#Getting and Cleaning Data: Course Project ##Introduction
This repository holds the course project from "Getting and Cleaning Data" course, from Coursera.org. The project's primary objective is to use a R script to generate a tidy data set that can then be used for further analysis.
##About the Data Source
The data used in this project was generated as part of an experiment, conducted at Smartlab at the University of Genova, Genoa Italy. The experiment, "Human Activity Recognition Using Smartphones Dataset", was conducted on 30 volunteers within an age bracket of 19-48 years. The volunteers ran through a series of six activites while wearing a Samsung Galaxy II smartphone.
The smartphone's embedded accelerometer and gyroscope gathered 10,299 measurements against 561 features. Two sets of data were collected, testing and training data.
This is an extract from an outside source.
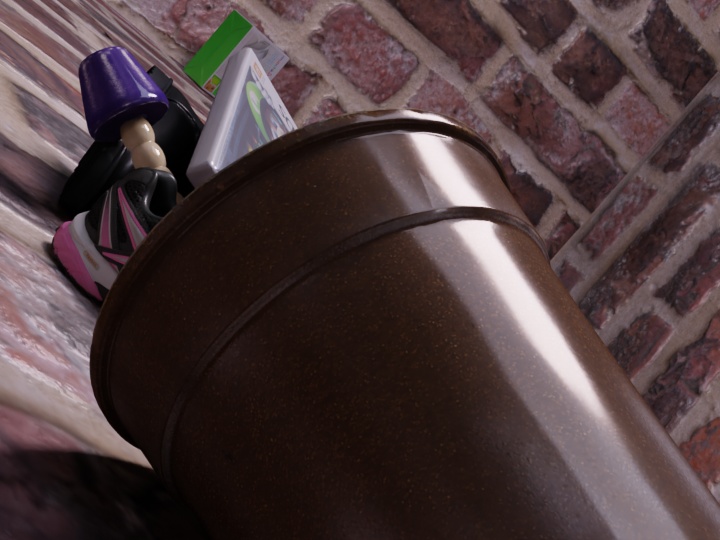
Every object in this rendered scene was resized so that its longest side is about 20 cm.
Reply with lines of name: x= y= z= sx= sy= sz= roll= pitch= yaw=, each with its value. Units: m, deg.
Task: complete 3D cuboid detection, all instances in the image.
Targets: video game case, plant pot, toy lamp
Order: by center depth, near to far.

The data is located in various files:
-
'features_info.txt': Shows information about the variables used on the feature vector.
-
'features.txt': List of all features.
-
'activity_labels.txt': Links the class labels with their activity name.
-
'train/X_train.txt': Training set.
-
'train/y_train.txt': Training labels.
-
'test/X_test.txt': Test set.
-
'test/y_test.txt': Test labels.
The script assumes these files are located in a ./data/UCI\ HAR\ Dataset/ subdirectory from the current working directory.
##run_analysis.R
Run_analysis.R ih will perform the following activities:
- If not currently present, it will create the appropriate ./data subdirectory
- If required, it will download the dataset zip file and unzip the contents into the ./data subdirectory
- Each testing and training file will be read into their own data tables
- Labels will be applied to the data table columns, for each testing and training data table
- All testing and training data will be merged together into a large data table
- The "Activity" field, an integer field by default, will be converted to the text value for each of the 6 Activities
- The feature values / column names will be cleaned up and made more human-readable
- The cleaned up data will be processed, and the attributes' averages(mean) will be calculated
- Finally, the data will be written to a file called "tidy_output.txt"
Note that CodeBook.md has more information about the data.